As someone who has ties to service dog organizations and training groups, this issue is personal to me. There might also come a day when I (or anyone else) might need a service dog, and I will need the law and community to support me as a handler. So yes, I have strong feelings about this and so should you.
I’m not going to reiterate the problems outlined in others article like this one, this article, and this article. I’m going to talk about this as a long-term social problem. Social change happens all the time, and it doesn’t always have a positive impact. The behavior of being glued to a phone 24/7 is considered normal now, whereas you didn’t see it ten years ago. Whether or not that is positive or negative is debatable. *Note: According to ADA, an emotional support animal is not classified as a service dog.
I find this idea to be shameful.
By pretending to have a fake service dog and / or faking a need for a service dog has these detrimental social effects.

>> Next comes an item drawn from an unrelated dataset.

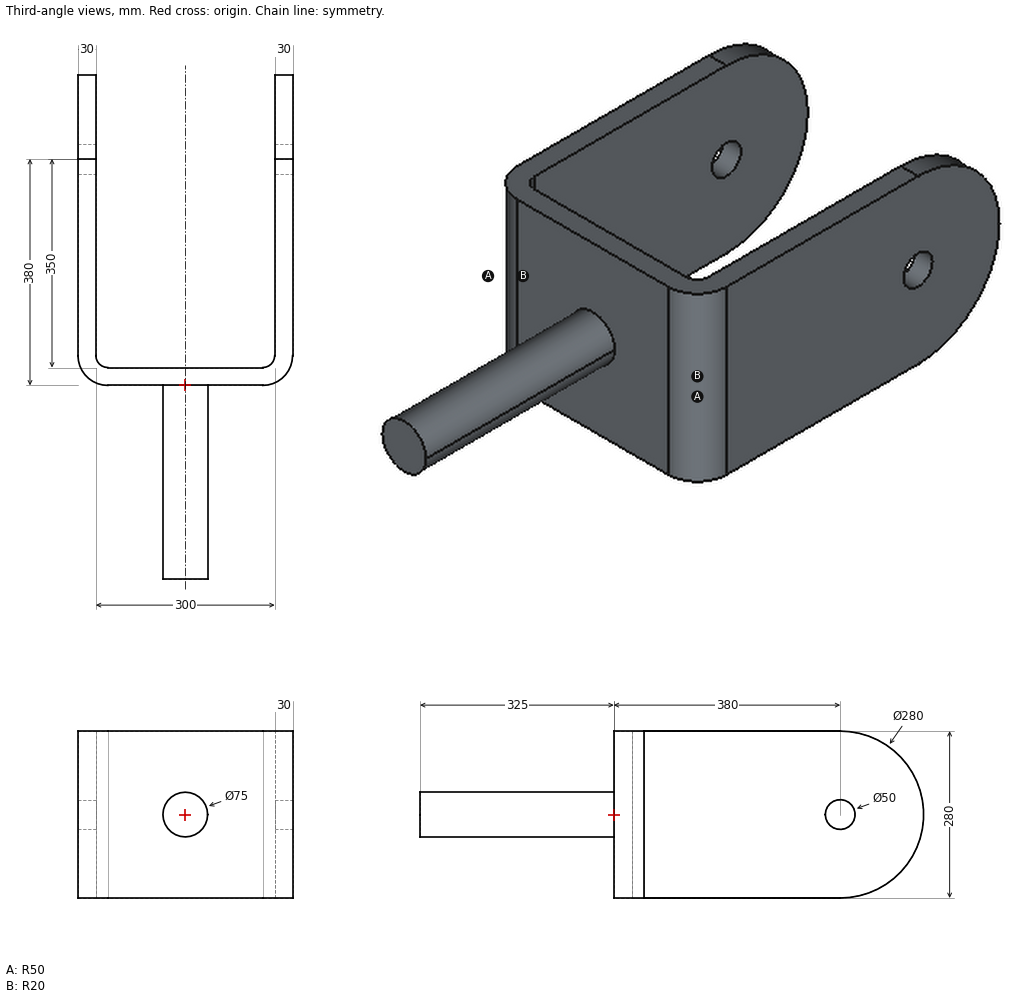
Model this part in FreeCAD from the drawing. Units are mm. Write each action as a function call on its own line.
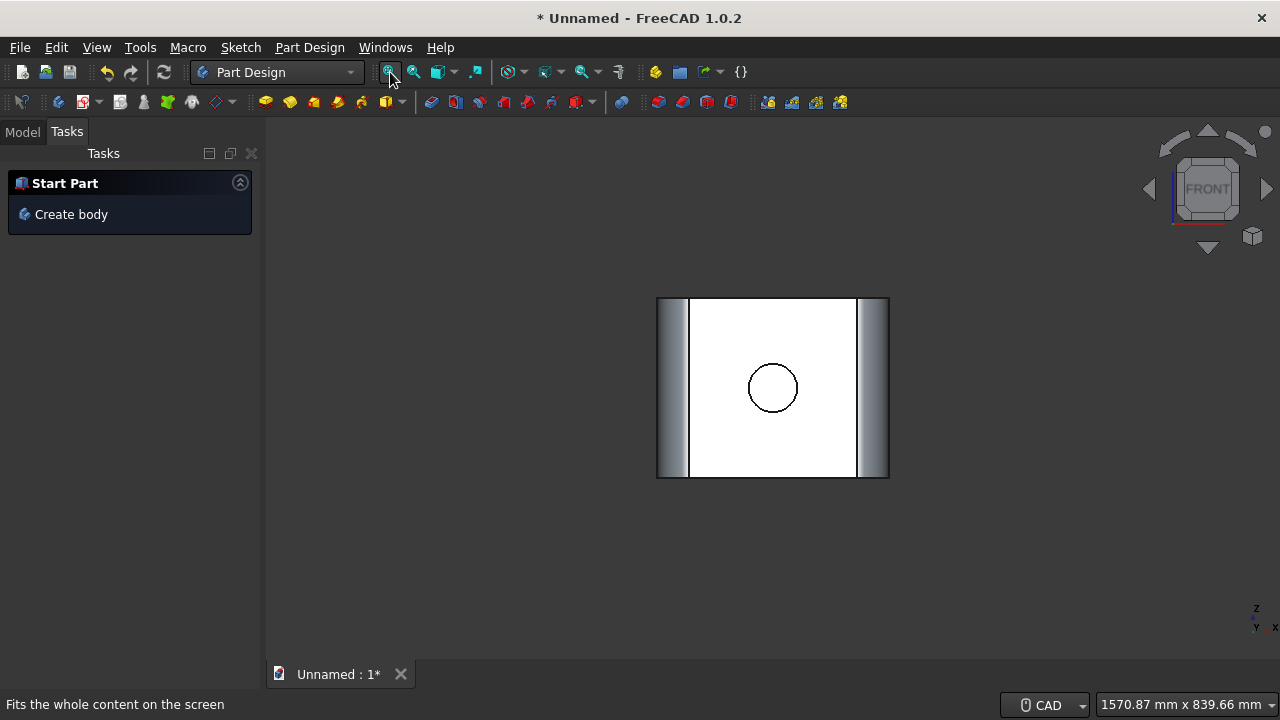
click(390, 72)

- It is making a mockery of people who need service dogs. Service dogs are being used for a variety of conditions that may not have visible cues including epilepsy, mental/emotional disorders, and diabetes. I have heard of people claiming to have these conditions when defending their fake service dog status, and it isn’t funny.

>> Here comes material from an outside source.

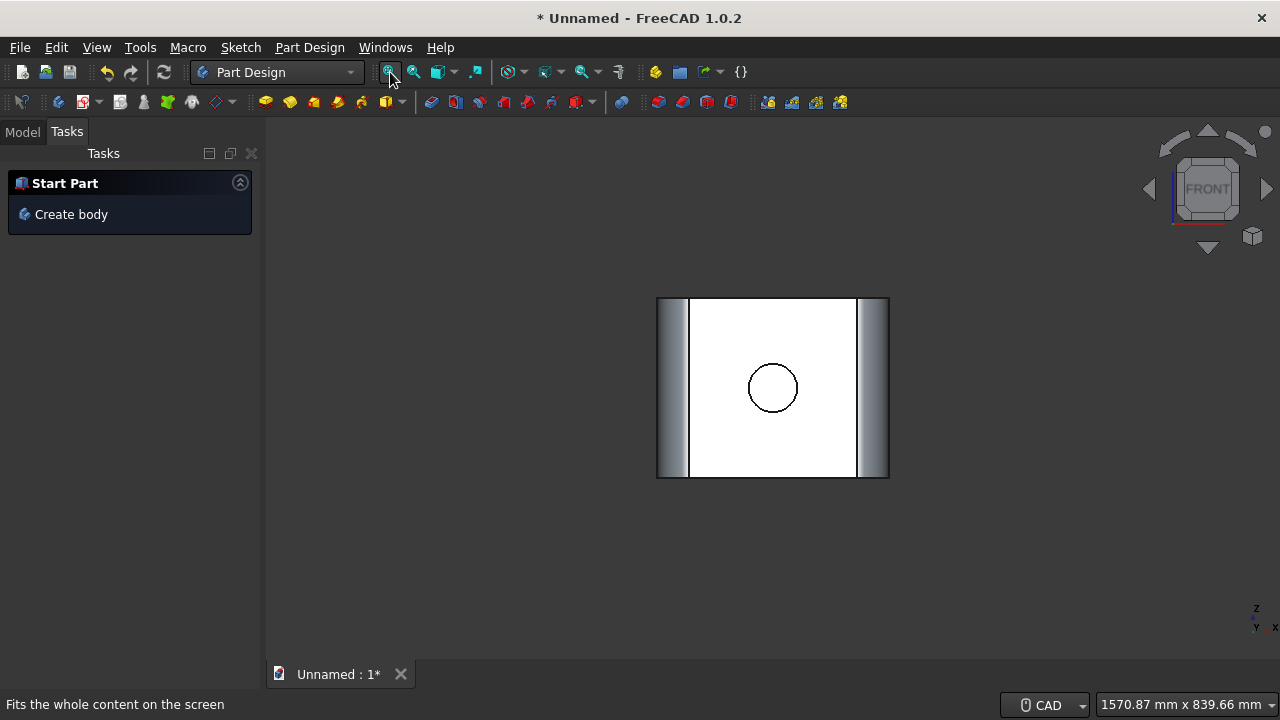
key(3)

It is not funny to be physically immobilized, lack your sight, or hearing ability It is also not funny to live in a state of constant alert in case you have a seizure, panic attack, or fall into a diabetic coma. You should think long and hard about what it is like to live with a disability before you even think about pretending you have one. Making a joke out of serious condition(s) is downright rude and unacceptable.
This is my beloved late trainer, Dick Shumer, and his service dog, Buddy. Buddy is a Newfoundland.

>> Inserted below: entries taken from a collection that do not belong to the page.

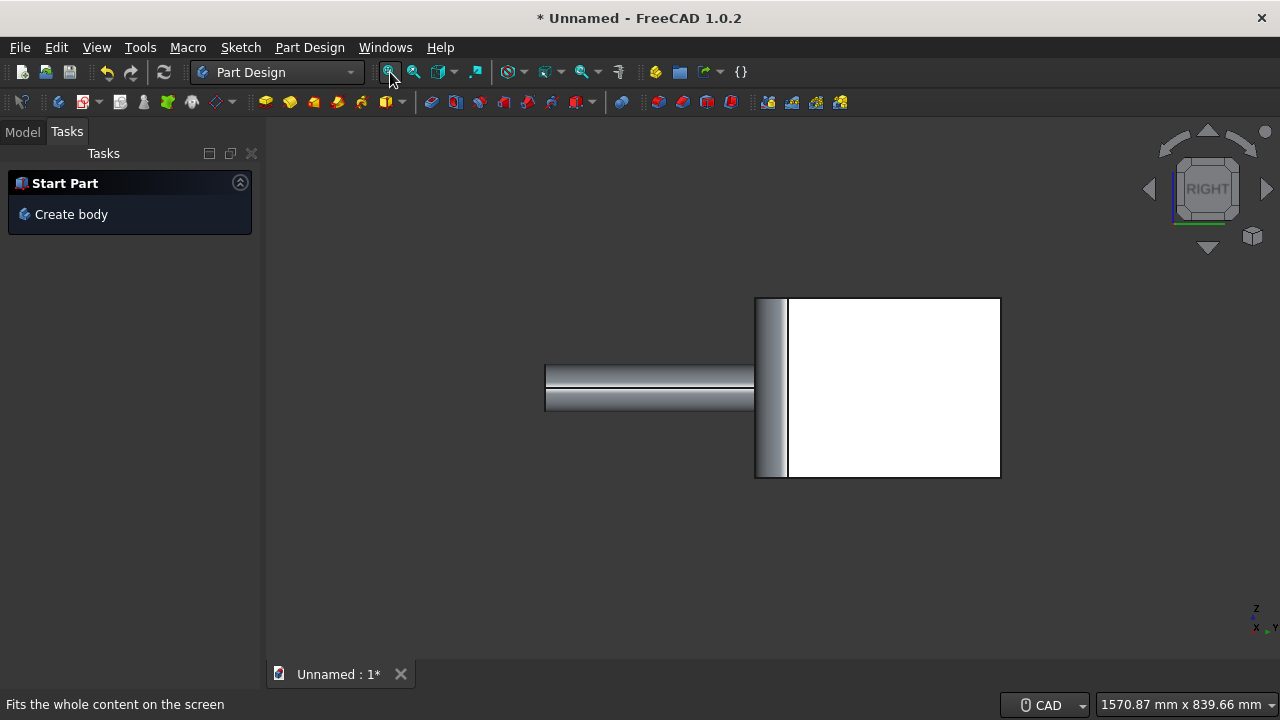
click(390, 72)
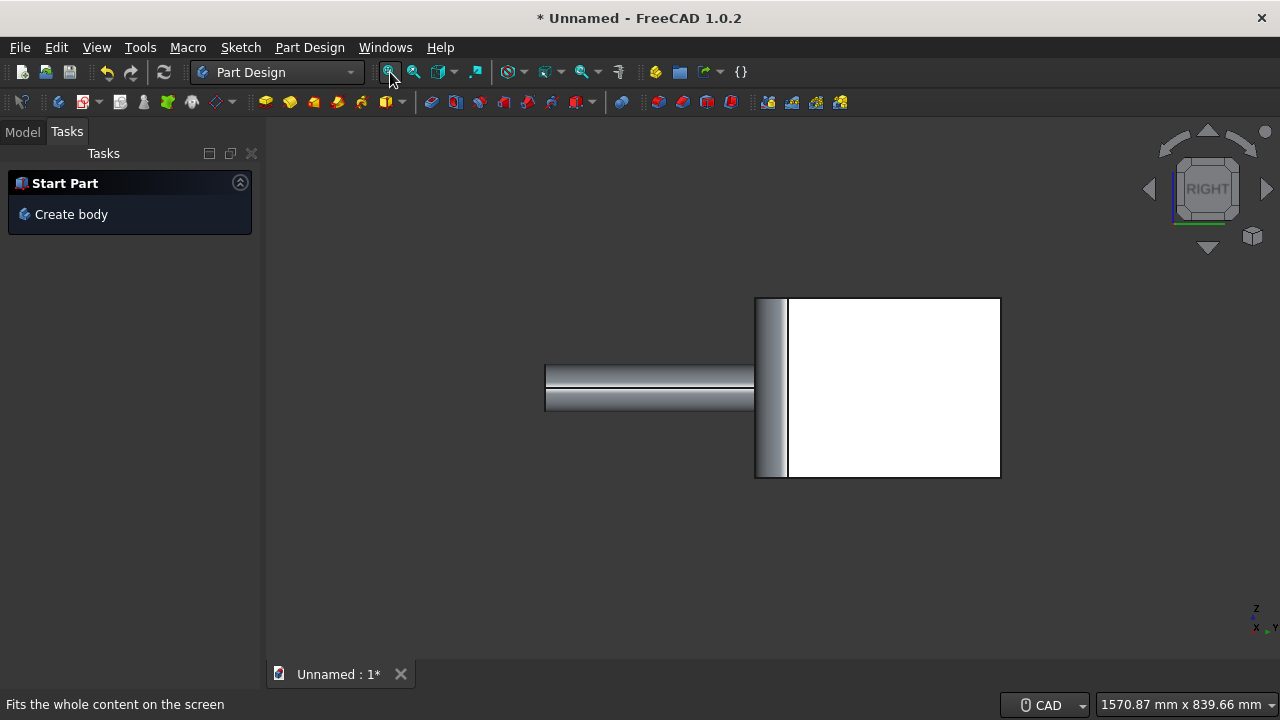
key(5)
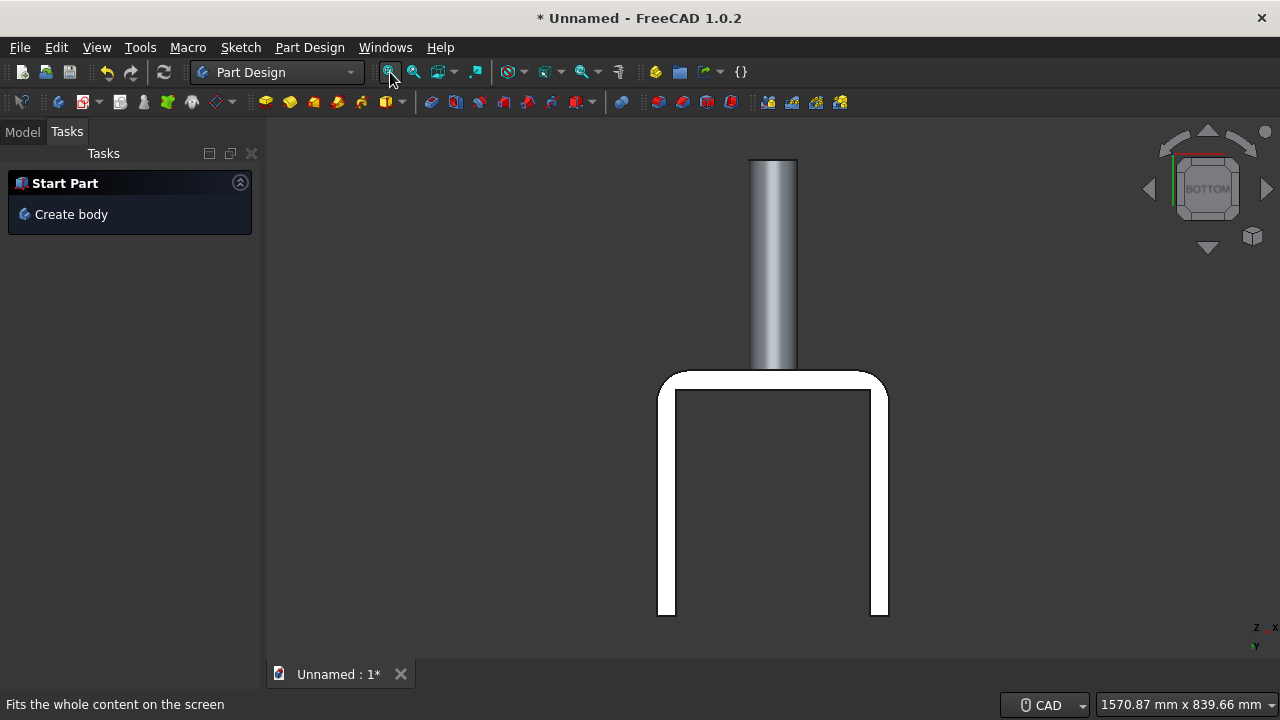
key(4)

- Faking service dogs is dangerous. Literally. In most cases of alleged fake service dogs I’ve consulted on, the dogs are downright dangerous. These are dogs who are ill-behaved, aggressive, and uncontrollable. Leave aggressive dogs at home. An ill-behaved dog only gives all dog in public a bad rap; it can also be a dangerous public nuisance. Yes, I do believe in Keep Austin Dog Friendly, by training dogs to behave in public. If your dog isn’t a good canine citizen, then it can stay home.
- As if having to manage daily life with a condition isn’t enough,service dog and handler teams will experience increased scrutiny or biased attitudes and behaviors. Even when it is obvious why someone is using a service dog, these people still encounter the unwelcoming looks, eyerolls, snide comments, and snickers.No one deserves to be treated like a second class citizen.
Service dogs and their handlers should be treated with respect. Making it difficult to distinguish a real service dog from a fake service dog only creates a cloud of suspicion on top of the social biases that already exist. Don’t make it harder for people with service dogs by making people leery of dogs wearing a vest. Here’s an post I wrote on how restaurants can provide better service to service dog and handler teams.
This is a photo of my late trainer, Dick with Chase and Buddy, his service dog. During water rescue training, Dick would throw his cane overboard. Buddy would jump into the water, retrieve the cane to the boat, tow the boat into shore, and help Dick get out of the boat. They were an amazing team to watch.
I don’t have the right answer for what to do if you encounter someone with a fake service dog. I’m just here to tell you that it is not acceptable to try to pass your pet off as a service dog. It is illegal, rude, and behavior that has long-lasting detrimental social effects on others. Let’s maintain a culture where faking a service dog is socially unacceptable.
This dog was rescued from an unsafe environment in Summer of 2013. Elsie is currently training to be a service dog in Oklahoma City.